The habits of a lifetime are even more ingrained in ballplayers, said Shigeo Nagashima, the Tokyo Giants' new manager. The American major-leaguers could emulate the Japanese, he said, "but in the final analysis...the cultural shock would be too great to make it realistic for our American colleagues." He was referring to jishu renshu—literally, independent training. In mid-January, after the close of the New Year holidays, Japanese players go to the mountains in small groups and run up and down the slopes, bathe in icy water and sometimes indulge in Zen meditation for hours on end. By the time they show up for spring training they are in tip-top shape.
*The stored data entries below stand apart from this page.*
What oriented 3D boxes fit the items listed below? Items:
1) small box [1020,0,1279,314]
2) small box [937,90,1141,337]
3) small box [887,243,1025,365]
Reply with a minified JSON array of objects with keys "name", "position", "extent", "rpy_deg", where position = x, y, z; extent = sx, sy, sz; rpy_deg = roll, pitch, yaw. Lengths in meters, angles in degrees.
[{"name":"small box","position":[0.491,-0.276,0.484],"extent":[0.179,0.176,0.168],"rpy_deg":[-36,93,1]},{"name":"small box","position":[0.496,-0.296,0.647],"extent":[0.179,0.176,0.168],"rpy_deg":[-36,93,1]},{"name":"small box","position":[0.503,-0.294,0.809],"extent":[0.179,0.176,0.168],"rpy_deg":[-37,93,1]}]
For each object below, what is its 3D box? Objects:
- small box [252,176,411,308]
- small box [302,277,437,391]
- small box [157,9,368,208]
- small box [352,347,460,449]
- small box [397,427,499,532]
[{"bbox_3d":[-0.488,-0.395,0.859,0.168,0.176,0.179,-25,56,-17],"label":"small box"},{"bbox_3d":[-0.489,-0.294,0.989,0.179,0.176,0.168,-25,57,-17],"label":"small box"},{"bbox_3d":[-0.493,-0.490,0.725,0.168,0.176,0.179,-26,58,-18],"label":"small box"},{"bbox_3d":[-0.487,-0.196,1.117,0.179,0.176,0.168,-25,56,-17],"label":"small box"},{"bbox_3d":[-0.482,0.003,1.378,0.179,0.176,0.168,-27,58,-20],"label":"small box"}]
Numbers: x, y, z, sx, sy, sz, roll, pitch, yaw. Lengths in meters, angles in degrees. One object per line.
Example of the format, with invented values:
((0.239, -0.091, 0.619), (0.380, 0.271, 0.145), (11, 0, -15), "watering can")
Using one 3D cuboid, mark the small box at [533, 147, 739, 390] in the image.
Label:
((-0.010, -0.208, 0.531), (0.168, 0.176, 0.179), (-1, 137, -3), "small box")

But the Japanese may be getting soft. Both Yonamine and Nagashima fell in love with the "heavenly" sunshine of Florida. So did Sadaharu Oh, the Giants' renowned slugger, who left Vero Beach in marvelous shape. Back home in Tokyo, though, the weather suddenly was too cold for him and twang!—he pulled a thigh muscle. He was sidelined until last Sunday's season opener.

FIVE MORE YEARS
In Maryland, new license plates are issued every five years. Bill Burton, outdoors editor of the Baltimore Evening Sun and an outspoken critic of persistent, broad-spectrum insecticides, recently received his: DDT 432.

ALIEN CORN

At last month's NCAA indoor track and field championships, many administrators, among them Don Canham, athletic director at the University of Michigan, were hardly overjoyed to see foreign athletes take nine of 15 titles. Canham said, "We're getting a bunch of semipros who have competed three or four years abroad before enrolling in American colleges.... My big beef is the age difference, with seasoned foreigners of 25 or 26 competing against our teen-agers."
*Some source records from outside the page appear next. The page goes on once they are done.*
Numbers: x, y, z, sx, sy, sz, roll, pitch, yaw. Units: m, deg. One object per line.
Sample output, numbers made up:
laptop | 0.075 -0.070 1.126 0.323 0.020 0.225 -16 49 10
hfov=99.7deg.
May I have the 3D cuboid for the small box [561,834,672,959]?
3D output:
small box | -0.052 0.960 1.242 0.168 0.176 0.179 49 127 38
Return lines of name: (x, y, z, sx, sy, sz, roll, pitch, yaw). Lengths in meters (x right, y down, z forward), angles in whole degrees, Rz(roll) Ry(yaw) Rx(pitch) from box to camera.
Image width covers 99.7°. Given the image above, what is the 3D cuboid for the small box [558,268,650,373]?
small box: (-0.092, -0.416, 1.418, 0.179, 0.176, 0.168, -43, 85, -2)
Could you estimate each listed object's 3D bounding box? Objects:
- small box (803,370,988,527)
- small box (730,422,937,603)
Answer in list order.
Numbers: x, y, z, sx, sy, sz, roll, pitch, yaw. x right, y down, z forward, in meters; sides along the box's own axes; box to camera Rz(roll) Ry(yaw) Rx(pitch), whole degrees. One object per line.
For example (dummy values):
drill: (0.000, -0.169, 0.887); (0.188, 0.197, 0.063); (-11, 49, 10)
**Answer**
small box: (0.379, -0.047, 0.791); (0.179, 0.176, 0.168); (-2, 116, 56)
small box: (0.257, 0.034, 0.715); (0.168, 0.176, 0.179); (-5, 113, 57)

How soon we forget. Back in the 1950s and '60s, when Michigan was more of a track power and Canham was the coach, at least one of his best three athletes in 16 different indoor and outdoor events was a foreign student. Among his Big Ten champions and/or school-record holders were sprinter Tom Robinson of the Bahamas, middle distance runner Tony Seth of British Guiana, miler Ergas Leps of Canada (via Estonia), distance runner Don McEwen of Canada, high jumper Brendan O'Reilly of Ireland, long jumper Lester Bird of Antigua, discus thrower Ronal Nilsson of Sweden and pole vaulter Eeles Landstrom of Finland. There were lesser lights from Denmark, Norway and West Germany, and a host of Canadians. Nor were all of them short in the tooth. Landstrom was 28 when he finished competing.